Take sorrow. Is it not infinitely better to have loved and lost than never to have loved at all? Are there not many good moments in life which outweigh its greatest sorrows?

Take overpressure. Luther advised Melanchthon to stop managing the universe and let the Almighty do it; and Dr. Trumbull preached 'the duty of refusing to do good.'

Take the grief caused by others. One of the bravest women I know used in times of anxiety to gather her little children about her and say gayly, 'Now I will make some graham gems, and open some marmalade, and we will take a little comfort.' Solomon or Aristotle could have done no more.

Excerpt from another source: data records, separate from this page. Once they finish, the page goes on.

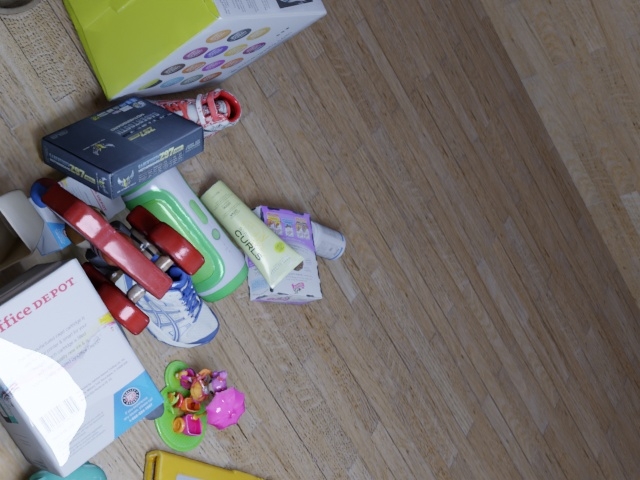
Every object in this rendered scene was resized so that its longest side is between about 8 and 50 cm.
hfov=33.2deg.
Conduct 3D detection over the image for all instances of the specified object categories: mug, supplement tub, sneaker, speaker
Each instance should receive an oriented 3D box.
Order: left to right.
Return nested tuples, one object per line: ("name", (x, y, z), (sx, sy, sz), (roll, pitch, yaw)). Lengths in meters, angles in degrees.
("mug", (-0.402, 0.400, 1.693), (0.157, 0.130, 0.097), (100, -18, -74))
("sneaker", (-0.278, 0.107, 1.991), (0.296, 0.131, 0.111), (37, 47, -38))
("sneaker", (-0.279, -0.255, 2.133), (0.270, 0.145, 0.090), (-4, 78, -52))
("speaker", (-0.265, -0.024, 2.065), (0.296, 0.131, 0.131), (54, 40, -21))
("supplement tub", (0.000, 0.000, 2.433), (0.107, 0.071, 0.071), (22, 58, -45))

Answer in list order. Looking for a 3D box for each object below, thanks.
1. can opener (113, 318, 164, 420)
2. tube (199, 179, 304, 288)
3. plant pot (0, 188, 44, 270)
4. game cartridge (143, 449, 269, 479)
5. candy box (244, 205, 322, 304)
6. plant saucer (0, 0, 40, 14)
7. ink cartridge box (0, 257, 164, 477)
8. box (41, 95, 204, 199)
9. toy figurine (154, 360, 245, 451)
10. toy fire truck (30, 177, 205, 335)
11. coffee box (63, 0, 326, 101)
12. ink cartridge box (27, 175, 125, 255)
("can opener", (-0.354, 0.187, 1.889), (0.076, 0.095, 0.283), (-33, 101, -53))
("tube", (-0.146, -0.019, 2.208), (0.240, 0.070, 0.062), (48, 33, -2))
("plant pot", (-0.522, -0.023, 1.771), (0.109, 0.109, 0.096), (58, 27, -17))
("game cartridge", (-0.198, 0.555, 1.963), (0.324, 0.053, 0.285), (26, 56, -42))
("candy box", (-0.085, 0.035, 2.312), (0.165, 0.070, 0.196), (10, 67, -49))
("plant saucer", (-0.611, -0.531, 1.927), (0.278, 0.041, 0.277), (24, 57, -43))
("ink cartridge box", (-0.422, 0.192, 1.674), (0.198, 0.197, 0.270), (-36, 105, -28))
("box", (-0.353, -0.172, 1.930), (0.233, 0.183, 0.059), (-34, 140, -40))
("toy figurine", (-0.207, 0.291, 1.975), (0.130, 0.159, 0.173), (18, 61, -47))
("toy fire truck", (-0.350, -0.005, 1.734), (0.169, 0.302, 0.254), (-48, 120, -8))
("coffee box", (-0.266, -0.502, 2.072), (0.334, 0.338, 0.338), (-20, 84, -53))
("ink cartridge box", (-0.443, -0.060, 1.912), (0.181, 0.062, 0.104), (-40, 107, -50))
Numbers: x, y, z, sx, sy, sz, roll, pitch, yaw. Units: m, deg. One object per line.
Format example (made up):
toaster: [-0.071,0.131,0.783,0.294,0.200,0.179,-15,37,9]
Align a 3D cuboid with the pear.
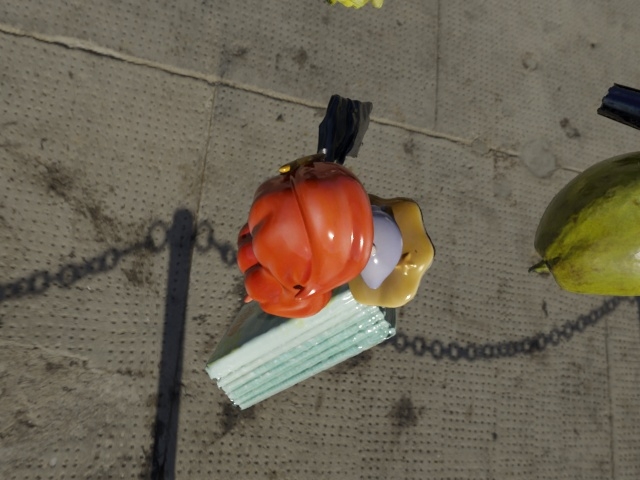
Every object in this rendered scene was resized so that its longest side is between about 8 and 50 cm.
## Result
pear: [0.599,-0.018,0.935,0.375,0.287,0.287,-29,91,21]

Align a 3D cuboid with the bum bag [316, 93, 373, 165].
bum bag: [0.046,-0.206,0.870,0.060,0.248,0.123,16,107,11]

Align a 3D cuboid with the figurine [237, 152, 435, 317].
figurine: [0.005,0.007,0.547,0.257,0.208,0.181,14,89,-55]

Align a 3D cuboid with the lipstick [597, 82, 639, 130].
lipstick: [0.730,-0.191,0.851,0.418,0.077,0.077,34,66,29]

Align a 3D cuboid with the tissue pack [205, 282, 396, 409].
tissue pack: [-0.027,0.171,1.026,0.388,0.287,0.162,-31,102,18]

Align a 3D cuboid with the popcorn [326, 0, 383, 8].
popcorn: [0.096,-0.657,1.065,0.212,0.259,0.259,25,73,-17]
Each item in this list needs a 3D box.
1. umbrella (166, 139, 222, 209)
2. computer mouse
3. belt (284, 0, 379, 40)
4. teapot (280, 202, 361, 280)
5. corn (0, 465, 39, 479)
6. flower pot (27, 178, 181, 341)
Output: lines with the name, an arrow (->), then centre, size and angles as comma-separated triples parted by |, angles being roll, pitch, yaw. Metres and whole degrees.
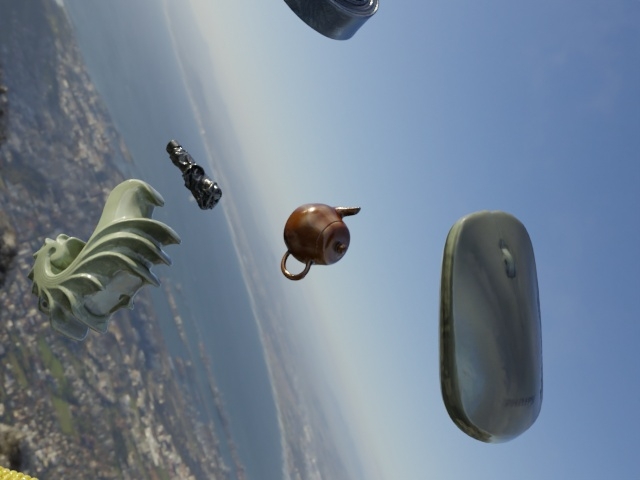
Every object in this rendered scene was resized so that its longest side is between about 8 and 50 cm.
umbrella -> -0.327, -0.174, 1.877 | 0.224, 0.071, 0.080 | 52, -53, 29
computer mouse -> 0.253, 0.121, 1.067 | 0.095, 0.197, 0.331 | -3, -90, 52
belt -> 0.004, -0.417, 1.207 | 0.190, 0.082, 0.141 | 43, 46, -11
teapot -> 0.000, 0.000, 1.282 | 0.116, 0.173, 0.116 | 37, -14, 11
corn -> -0.406, 0.351, 0.939 | 0.122, 0.305, 0.123 | 112, -2, -54
flower pot -> -0.503, 0.043, 1.768 | 0.254, 0.367, 0.164 | 52, 1, 36
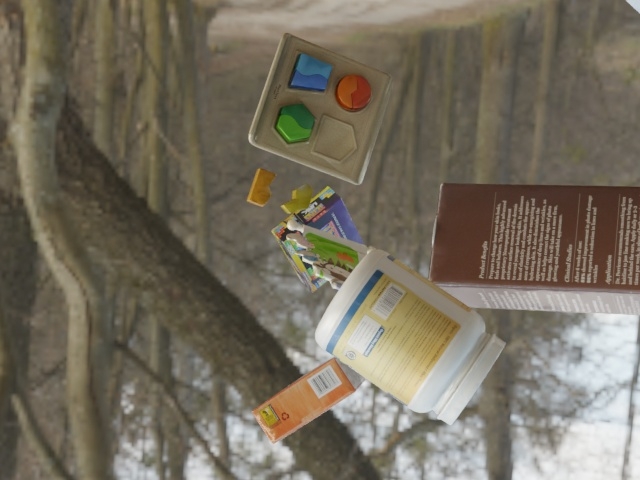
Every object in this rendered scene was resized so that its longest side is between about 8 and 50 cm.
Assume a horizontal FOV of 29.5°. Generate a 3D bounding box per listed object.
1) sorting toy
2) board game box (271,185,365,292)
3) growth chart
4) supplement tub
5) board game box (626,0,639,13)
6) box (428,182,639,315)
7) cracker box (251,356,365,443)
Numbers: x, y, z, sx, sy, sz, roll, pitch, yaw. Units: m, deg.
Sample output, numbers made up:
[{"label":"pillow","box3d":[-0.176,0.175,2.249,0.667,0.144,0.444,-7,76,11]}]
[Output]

Take, for a smile's sake, the weather. It may be bad, but as we cannot change it, the thing is our attitude toward it; and as dark enshrouds us, 'The sun is set,' said Mr. Inglesant, cheerfully; 'but it will rise again. Let us go home.'

In such ways as these the right-minded person will meet his discontents face to face, and one by one eliminate them. He will also take stock of his assets. St. Teresa said that by thinking of heaven for a quarter of an hour every day one might hope to deserve it. Why do we not deliberately devote some minutes each day to saying to ourselves, 'I am tolerably well; I have food and shelter; everybody so far as I know respects me, and a few persons love me truly. I have books and a garden, the stars and the sea. I enjoy this and that, and before long the other. The thing so long dreaded has never come to pass. I will embark at any rate for the land of the Contented Heart.' Would not such a conscious recapitulation be an actual force building up this thing of which we talk?

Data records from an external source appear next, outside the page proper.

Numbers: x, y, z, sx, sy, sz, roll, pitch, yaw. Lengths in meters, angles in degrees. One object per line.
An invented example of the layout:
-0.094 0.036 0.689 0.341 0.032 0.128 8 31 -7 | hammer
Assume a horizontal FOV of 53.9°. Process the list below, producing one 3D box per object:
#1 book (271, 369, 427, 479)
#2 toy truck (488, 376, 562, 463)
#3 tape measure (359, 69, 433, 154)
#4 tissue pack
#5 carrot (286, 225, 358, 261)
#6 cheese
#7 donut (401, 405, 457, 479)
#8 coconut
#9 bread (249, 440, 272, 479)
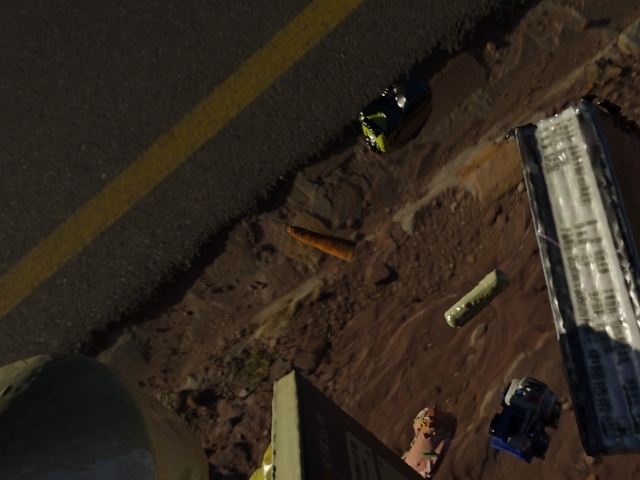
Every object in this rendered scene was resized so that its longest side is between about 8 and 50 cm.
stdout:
0.105 0.341 0.578 0.039 0.300 0.428 -34 120 18 | book
0.536 0.463 1.662 0.161 0.177 0.213 18 67 30 | toy truck
0.182 -0.301 1.534 0.199 0.186 0.112 -41 71 -3 | tape measure
0.342 0.048 0.703 0.122 0.259 0.361 -23 65 39 | tissue pack
0.000 0.000 1.808 0.210 0.061 0.061 19 89 6 | carrot
0.399 0.150 1.600 0.194 0.065 0.043 -48 38 22 | cheese
0.261 0.516 1.578 0.085 0.199 0.233 31 50 5 | donut
-0.341 0.347 0.784 0.345 0.415 0.415 18 89 27 | coconut
-0.021 0.450 1.051 0.233 0.088 0.160 32 103 19 | bread

Can content be conveyed? Can it be passed from one who has it to one who has it not—as one lamp lights another nor grows less? I wonder what would be the effect of a group of young women, lately conning over in college class—

With what I most enjoy contented least—

if they should resolve to stop all that, and, undeterred by others' estimate of values, be trustees of their own content, not suffering it to be contingent upon the manners and conduct of others? I believe that it would act like the magnet, which not only attracts the needle but infuses it with the power of drawing others. Great-heart so inspired the travelers that Christiana seized her viol and Mercy her lute, and, as they made sweet music, Ready-to-Halt took Despondency's daughter, Mrs. Much-Afraid, by the hand and together they went dancing down the road.